• **WHAT YOU ARE ASKED TO DO**
Only one stretch of the data below should be repeated: the lines from the line containing "Reply with a" through the line containing "Image width covers 87.4°.", inclusive, exactly as they are.

• **DATA FOR ANALYSIS**
※

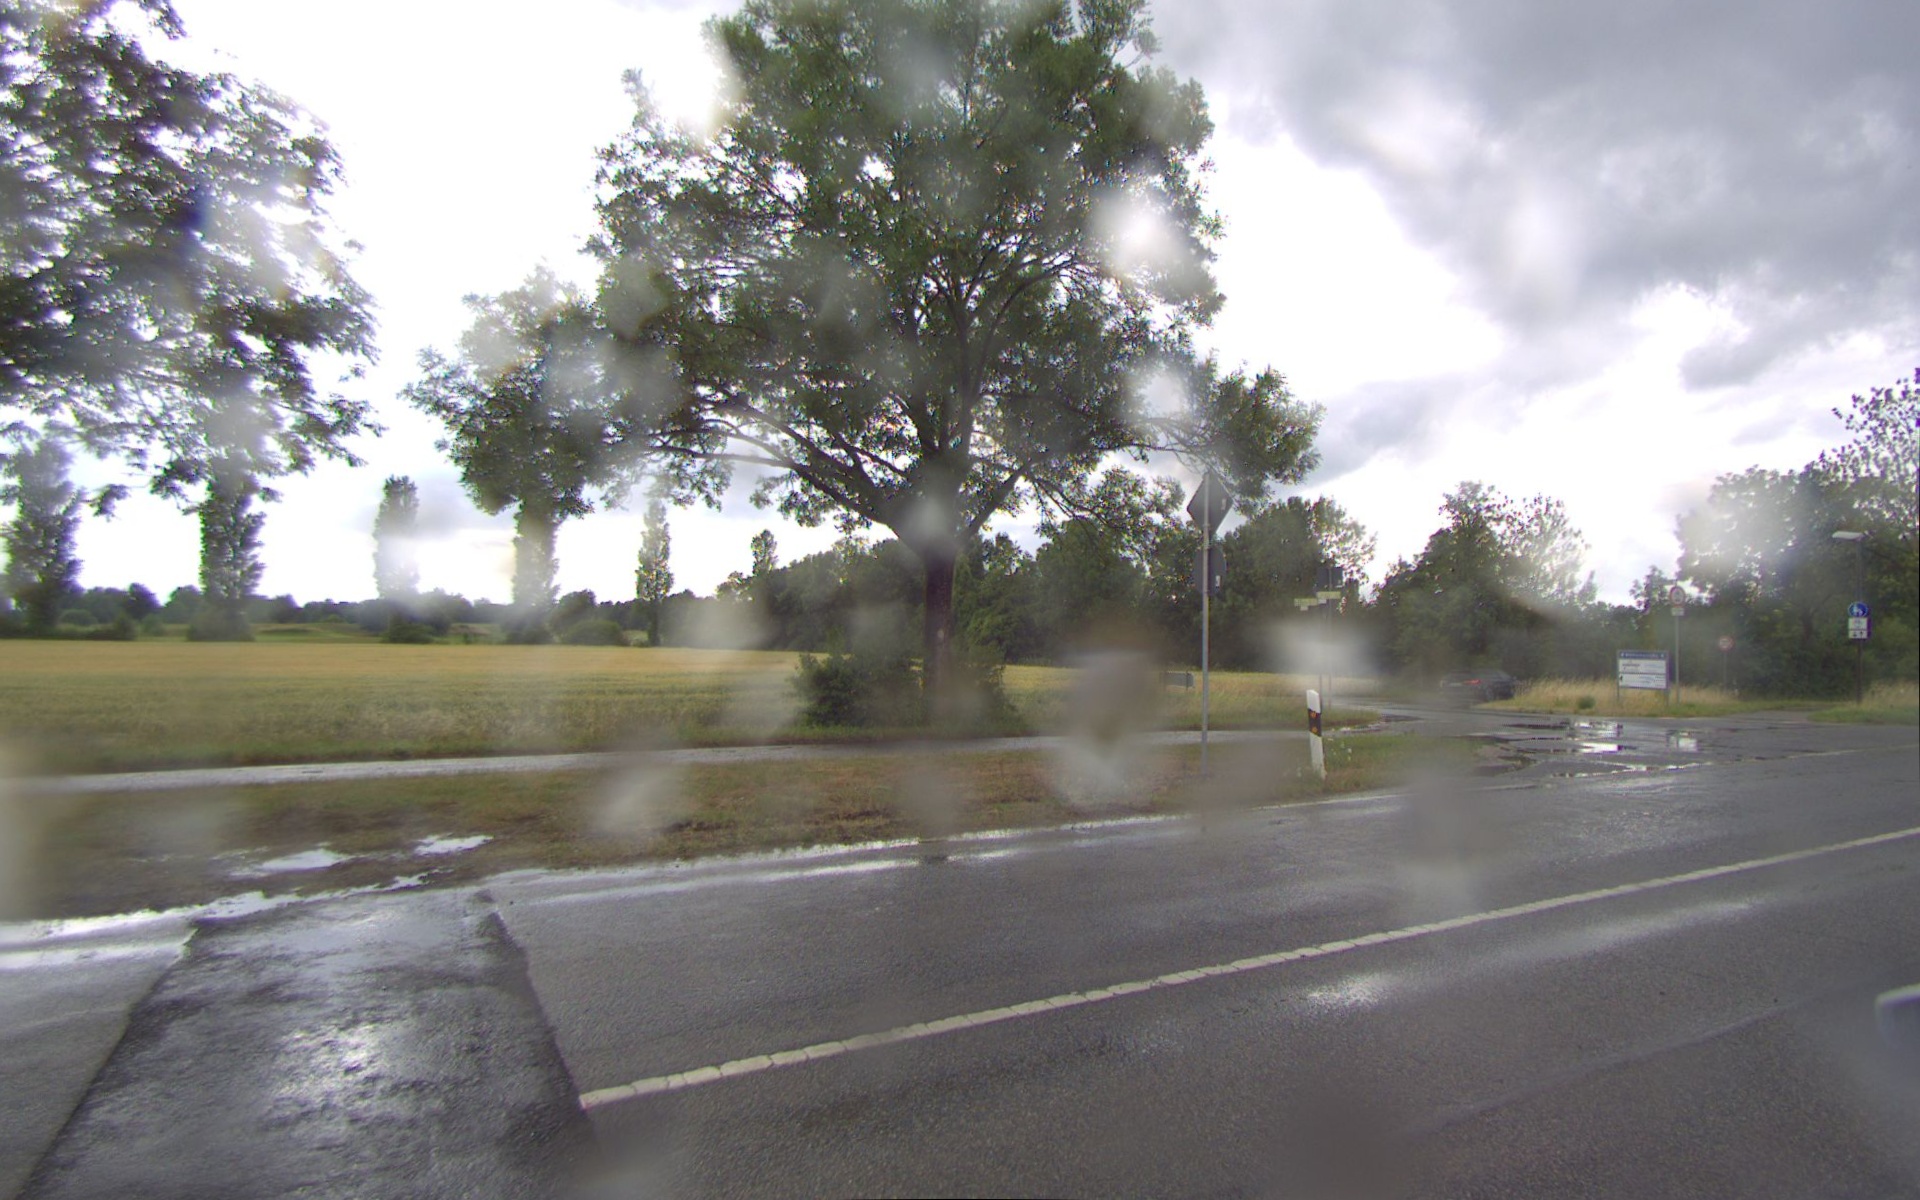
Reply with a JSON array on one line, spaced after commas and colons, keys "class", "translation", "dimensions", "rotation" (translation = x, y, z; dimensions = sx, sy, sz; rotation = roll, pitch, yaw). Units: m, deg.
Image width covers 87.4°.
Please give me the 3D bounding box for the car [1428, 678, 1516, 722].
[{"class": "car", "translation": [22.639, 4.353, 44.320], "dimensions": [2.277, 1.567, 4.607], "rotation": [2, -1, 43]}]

※

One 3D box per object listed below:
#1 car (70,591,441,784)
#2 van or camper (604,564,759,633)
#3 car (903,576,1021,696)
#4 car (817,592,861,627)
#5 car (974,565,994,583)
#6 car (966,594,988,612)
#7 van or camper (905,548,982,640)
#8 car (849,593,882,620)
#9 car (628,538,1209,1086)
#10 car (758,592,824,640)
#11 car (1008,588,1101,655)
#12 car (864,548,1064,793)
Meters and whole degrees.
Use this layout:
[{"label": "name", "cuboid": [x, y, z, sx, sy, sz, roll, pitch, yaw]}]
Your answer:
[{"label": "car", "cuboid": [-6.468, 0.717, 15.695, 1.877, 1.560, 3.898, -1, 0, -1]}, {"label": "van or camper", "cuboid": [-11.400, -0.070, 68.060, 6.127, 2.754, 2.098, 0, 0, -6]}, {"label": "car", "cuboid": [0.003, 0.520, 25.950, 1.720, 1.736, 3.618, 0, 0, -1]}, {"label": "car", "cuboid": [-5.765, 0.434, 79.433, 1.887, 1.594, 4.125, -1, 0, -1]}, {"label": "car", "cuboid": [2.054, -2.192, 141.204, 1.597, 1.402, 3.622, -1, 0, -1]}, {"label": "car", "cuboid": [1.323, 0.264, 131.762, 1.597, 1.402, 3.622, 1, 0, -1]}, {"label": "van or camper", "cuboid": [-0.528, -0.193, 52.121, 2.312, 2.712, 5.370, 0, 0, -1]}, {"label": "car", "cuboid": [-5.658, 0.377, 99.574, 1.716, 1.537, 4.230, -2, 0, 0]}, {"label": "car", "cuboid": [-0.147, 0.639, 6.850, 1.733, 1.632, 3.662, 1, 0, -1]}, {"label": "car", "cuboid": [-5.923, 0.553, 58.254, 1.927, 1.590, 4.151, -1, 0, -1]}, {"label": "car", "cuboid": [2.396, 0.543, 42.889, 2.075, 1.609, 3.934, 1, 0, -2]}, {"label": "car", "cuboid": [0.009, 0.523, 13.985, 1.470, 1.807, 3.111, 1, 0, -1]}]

※

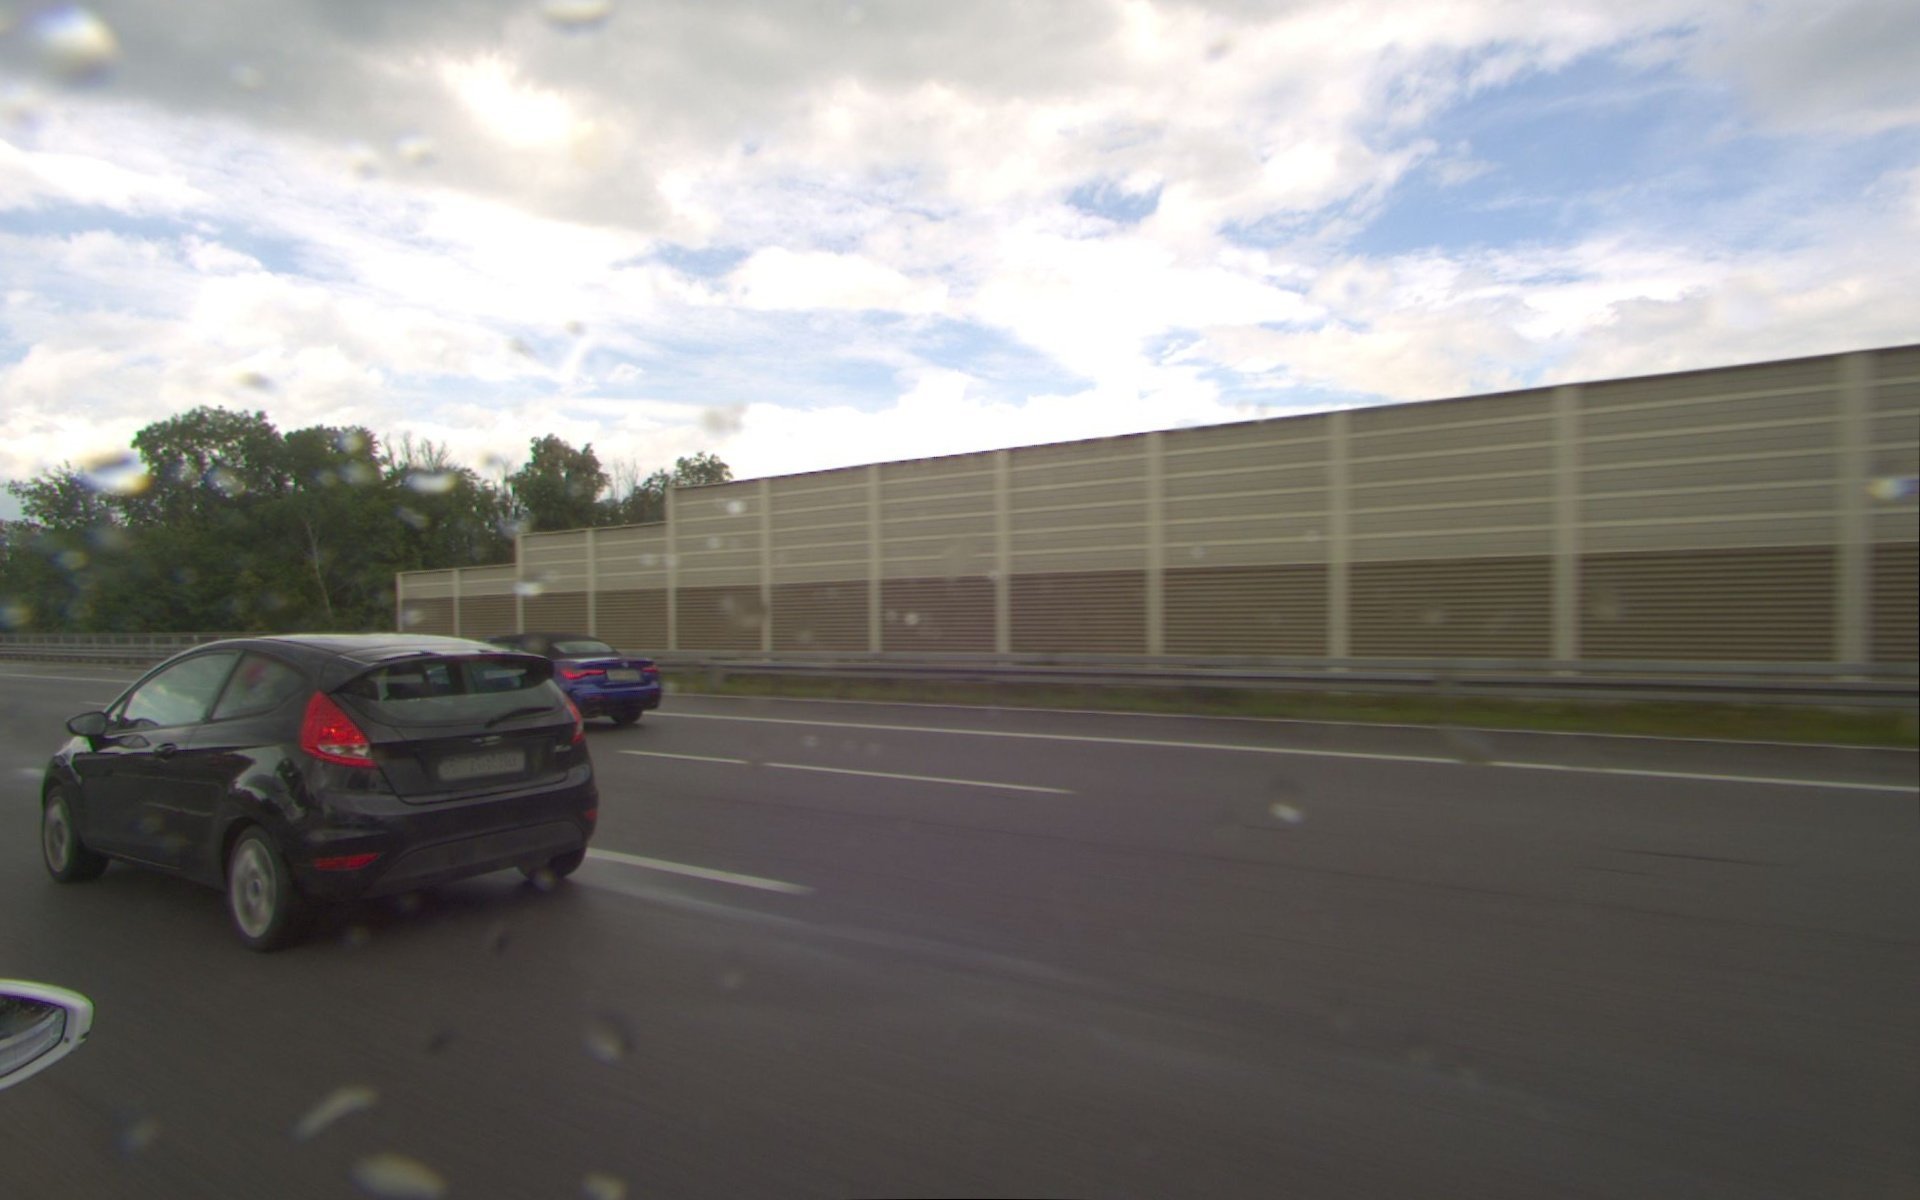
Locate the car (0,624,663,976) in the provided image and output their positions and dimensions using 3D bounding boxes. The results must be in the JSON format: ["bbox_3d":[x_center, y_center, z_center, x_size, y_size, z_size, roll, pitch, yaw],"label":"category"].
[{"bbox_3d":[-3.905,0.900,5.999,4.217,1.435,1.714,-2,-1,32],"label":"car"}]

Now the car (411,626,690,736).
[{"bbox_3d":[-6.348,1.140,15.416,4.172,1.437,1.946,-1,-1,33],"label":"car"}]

※

• **ANSWER**
Reply with a JSON array on one line, spaced after commas and colons, keys "class", "translation", "dimensions", "rotation" (translation = x, y, z; dimensions = sx, sy, sz; rotation = roll, pitch, yaw). Units: m, deg.
Image width covers 87.4°.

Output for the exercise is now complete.